Task instructions ▸ Every line from the one with "Find the text" through the end of the material below, both ends included, should be transcribed exactly, without pictures.

Recorded data ▸
+ + + + +

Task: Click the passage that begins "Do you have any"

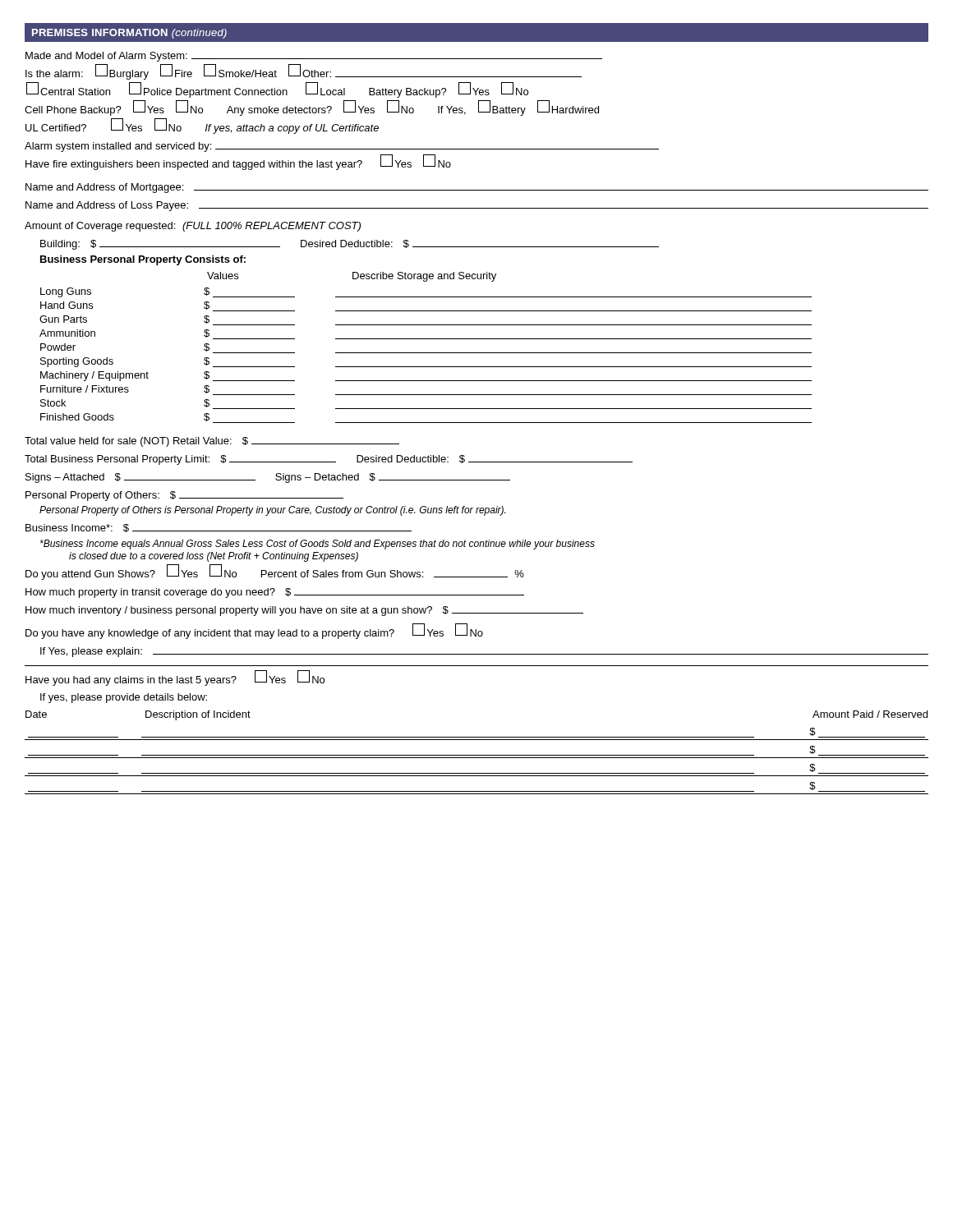Action: 476,641
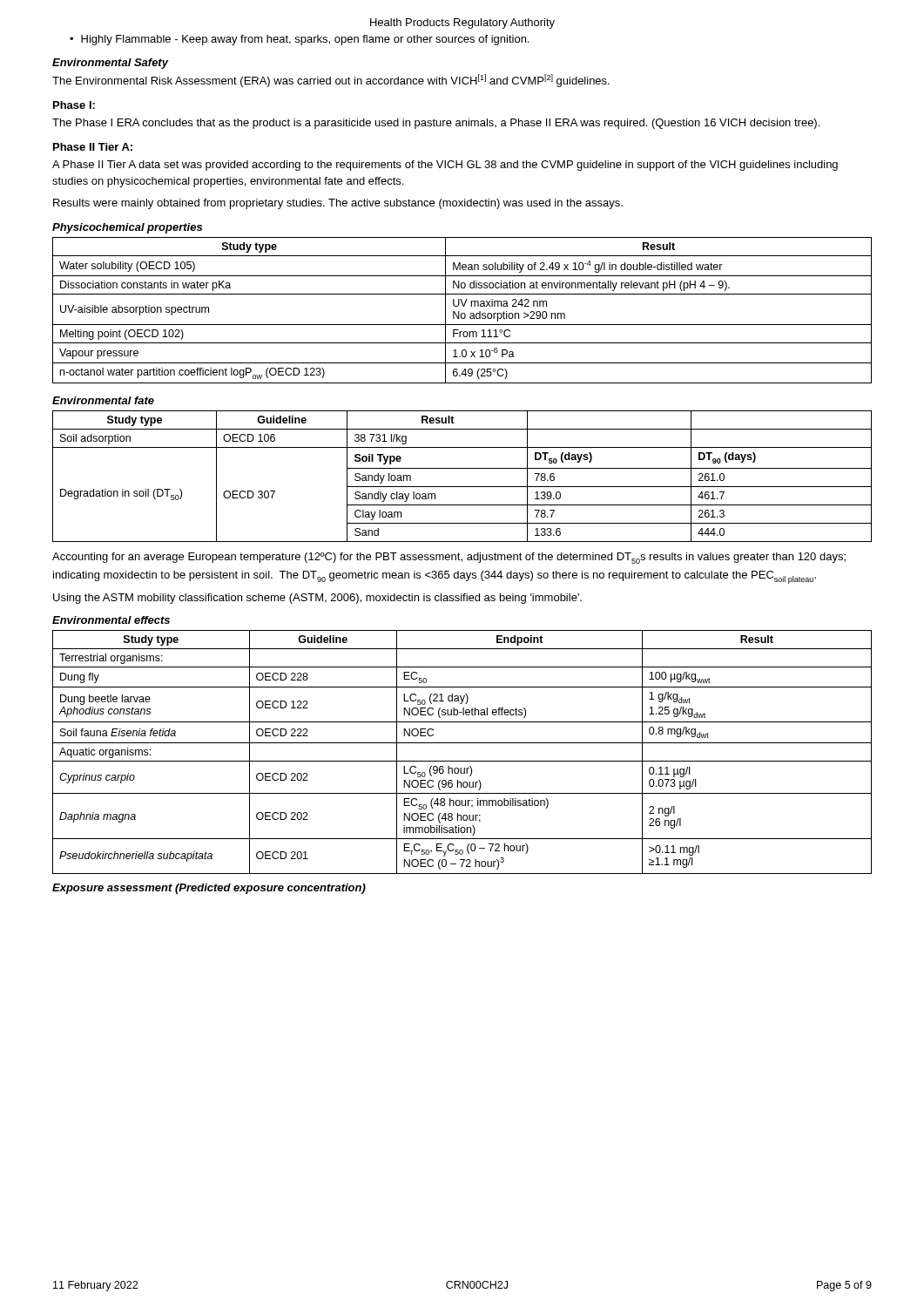Click on the text block with the text "Accounting for an average"
This screenshot has width=924, height=1307.
pos(449,566)
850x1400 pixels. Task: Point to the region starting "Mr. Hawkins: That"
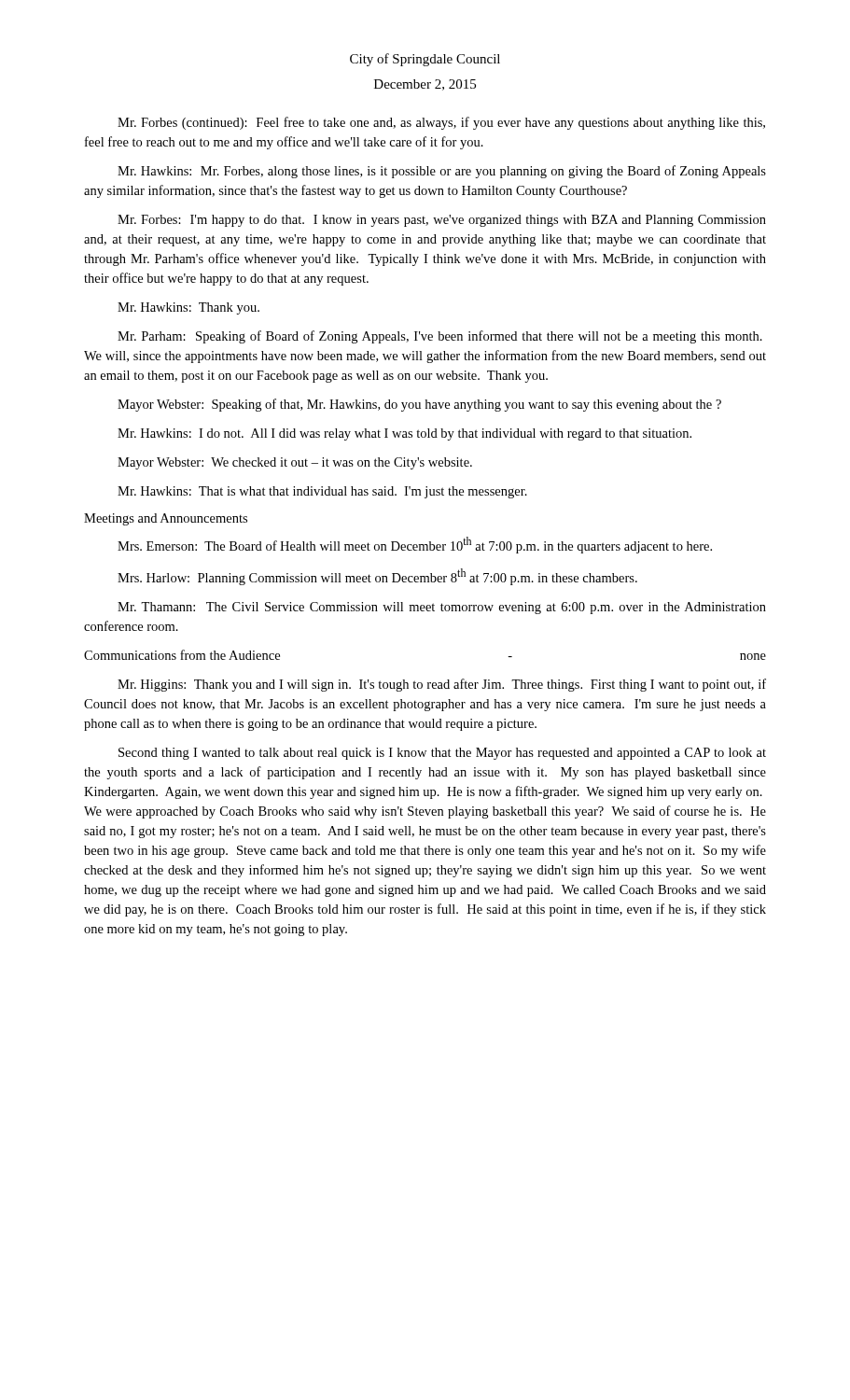tap(322, 491)
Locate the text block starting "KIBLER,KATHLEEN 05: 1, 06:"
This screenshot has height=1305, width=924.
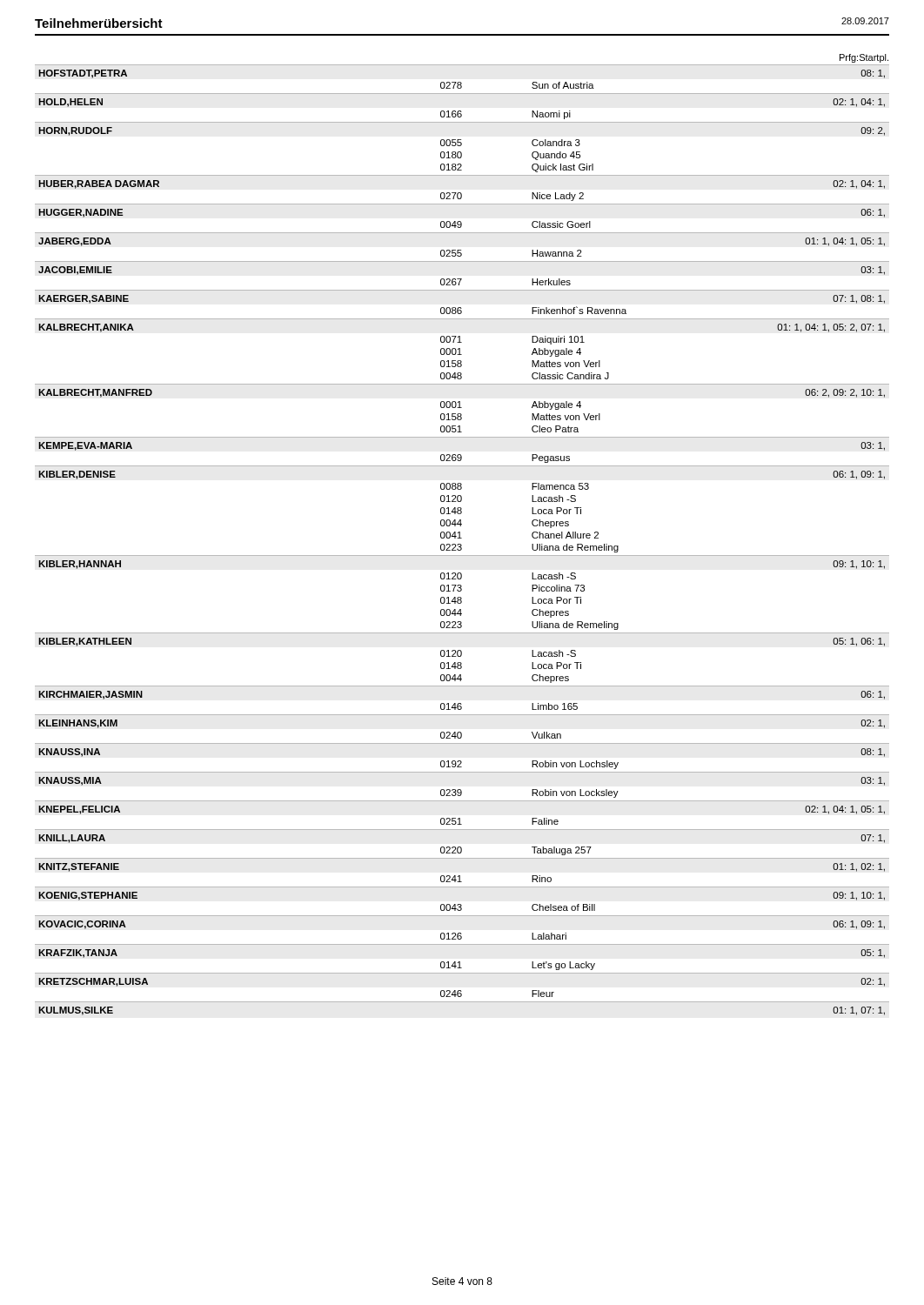[462, 640]
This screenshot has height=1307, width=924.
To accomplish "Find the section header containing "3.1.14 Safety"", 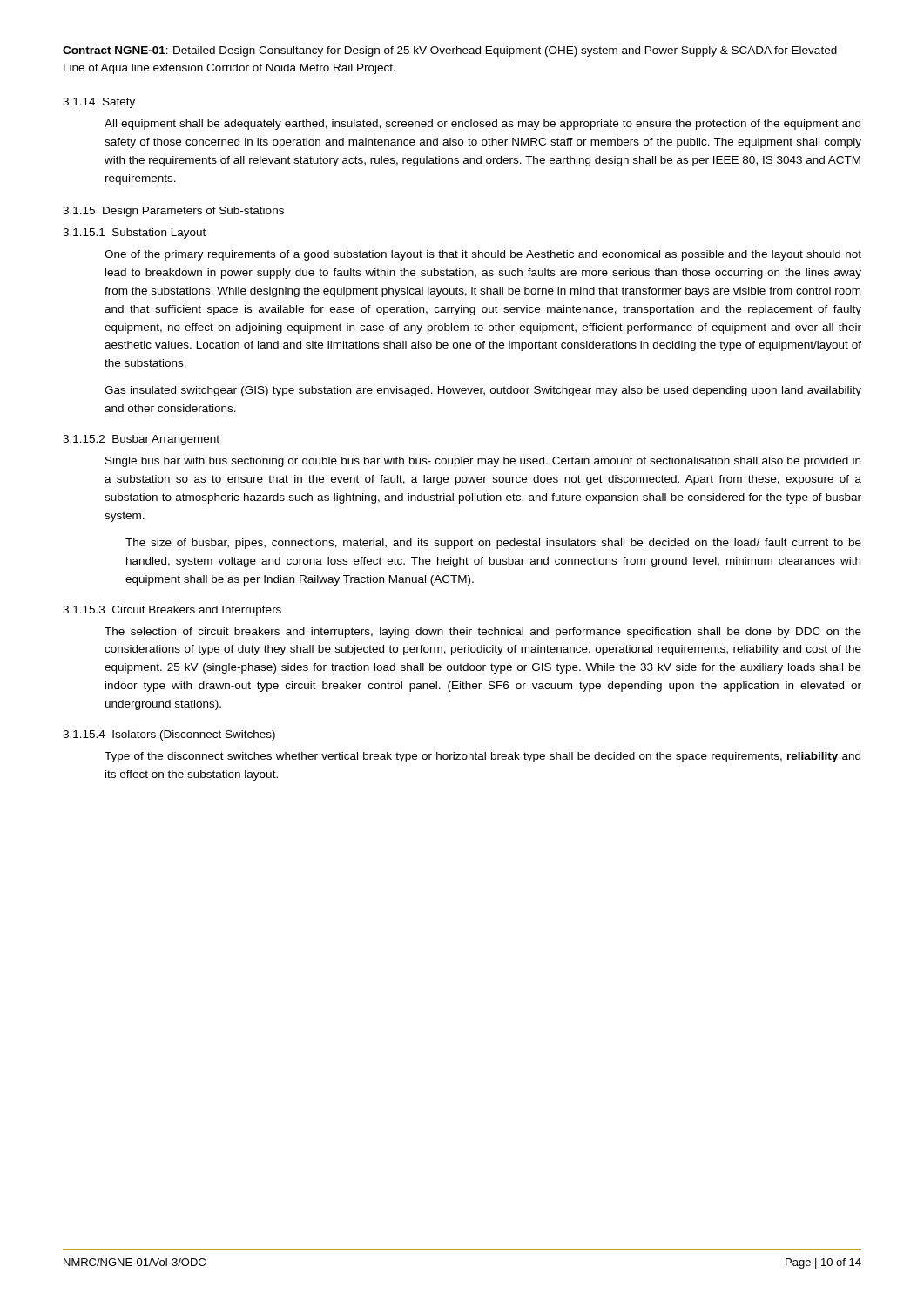I will pyautogui.click(x=99, y=102).
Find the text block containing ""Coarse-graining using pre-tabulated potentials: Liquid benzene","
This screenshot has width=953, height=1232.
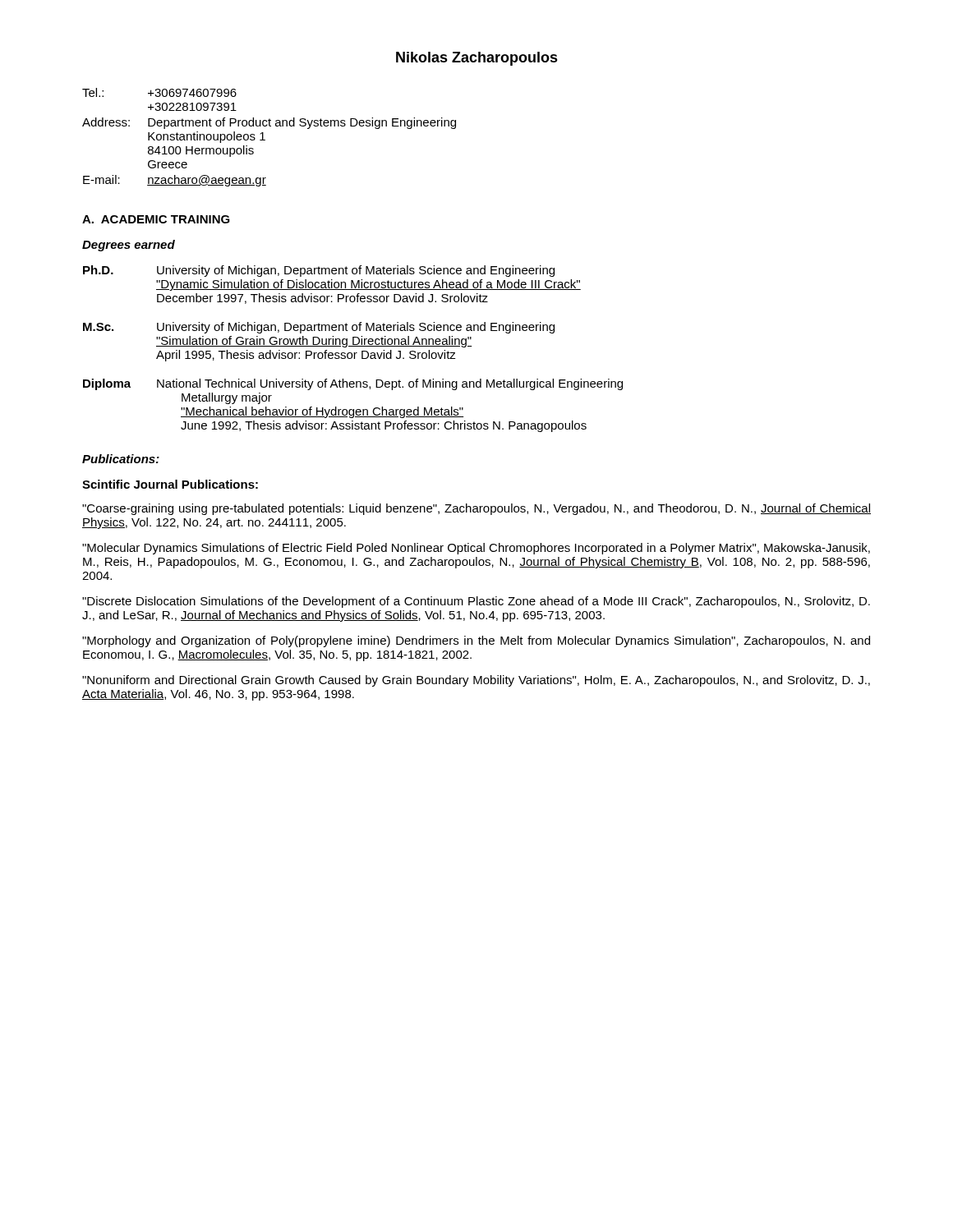tap(476, 515)

+ + + + +

Completed task ▸
Find the text block containing ""Coarse-graining using pre-tabulated potentials: Liquid benzene","
This screenshot has width=953, height=1232.
tap(476, 515)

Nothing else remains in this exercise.